- Pitcher
- Born: May 22, 1915 Boscobel, Wisconsin, U.S.
- Died: October 20, 2010 (aged 95) Boscobel, Wisconsin, U.S.
- Batted: RightThrew: Right

MLB debut
- April 17, 1945, for the Boston Red Sox

Last MLB appearance
- September 30, 1945, for the Boston Red Sox

MLB statistics
- Win–loss record: 4–4
- Earned run average: 3.07
- Strikeouts: 20
- Stats at Baseball Reference

Teams
- Boston Red Sox (1945);

= Otey Clark =

American baseball player (1915–2010)

William Otis "Otey" Clark (May 22, 1915 - October 20, 2010) was an American Major League Baseball pitcher who played for the Boston Red Sox in 1945. He was born in Boscobel, Wisconsin.
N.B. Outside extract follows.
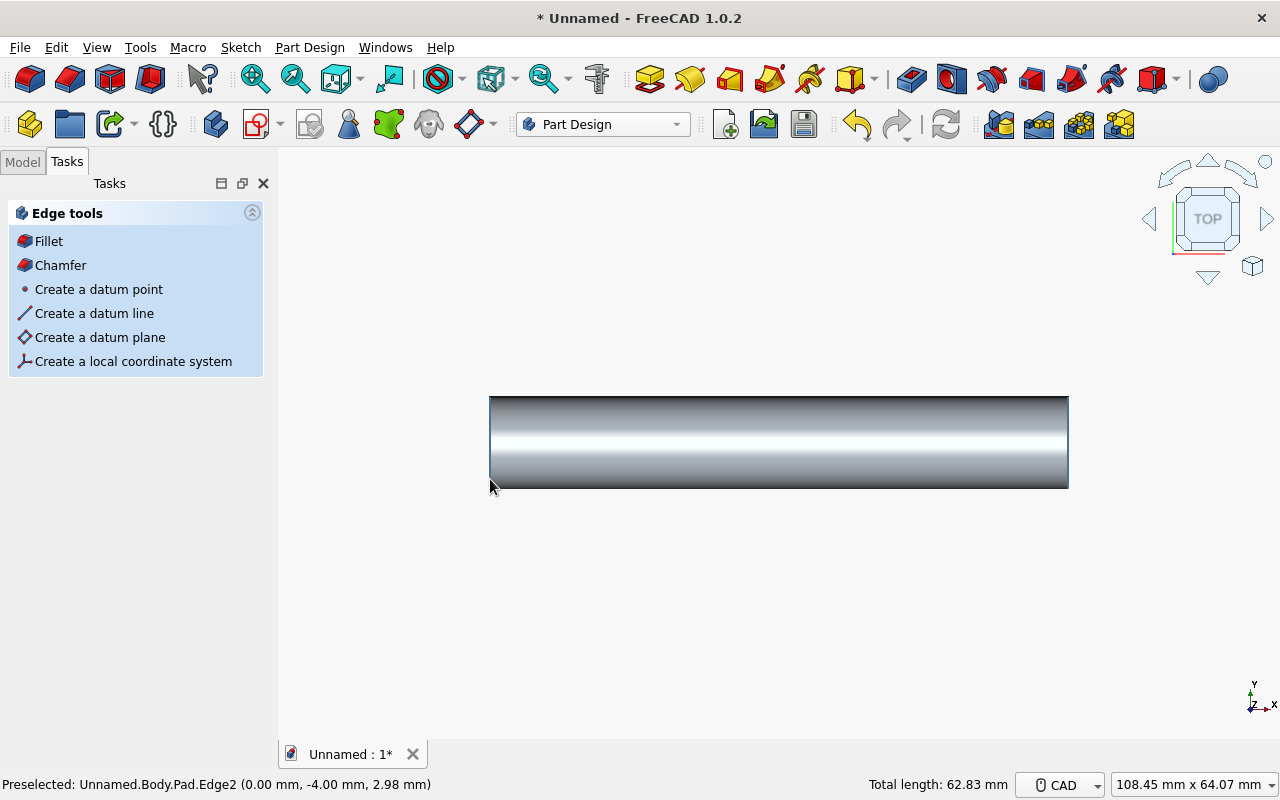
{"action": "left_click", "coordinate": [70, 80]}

The 29-year-old rookie stood 6-foot 1 1/2 inches and weighed 190 pounds.

Clark is one of many ballplayers who only appeared in the major leagues during World War II. He made his major league debut on April 17, 1945, (Opening Day), pitching in relief against the New York Yankees at Yankee Stadium. His finest pitching effort that season came on September 19 in the second game of a doubleheader at Fenway Park. He hurled a complete game shutout against the Philadelphia Athletics, winning by a score of 3–0.

Clark also defeated Bob Feller in the 1945 season, in Feller's first game back in baseball following World War II.

Season and career totals include a record of 4–4 in 12 games pitched, nine games started, four complete games, one shutout, three games finished and an ERA of 3.07 in 82 innings pitched. He struck out 20 and walked 19. Also good with the bat and glove, Clark hit .208 (5-for-24) and handled 11 chances in the field without an error.

One day before appearing in the 1945 season opener, Clark pitched to Jackie Robinson in the latter's tryout for the Boston Red Sox.

At the time of his death in Boscobel, Wisconsin, on October 20, 2010, he was considered one of the oldest living former MLB players.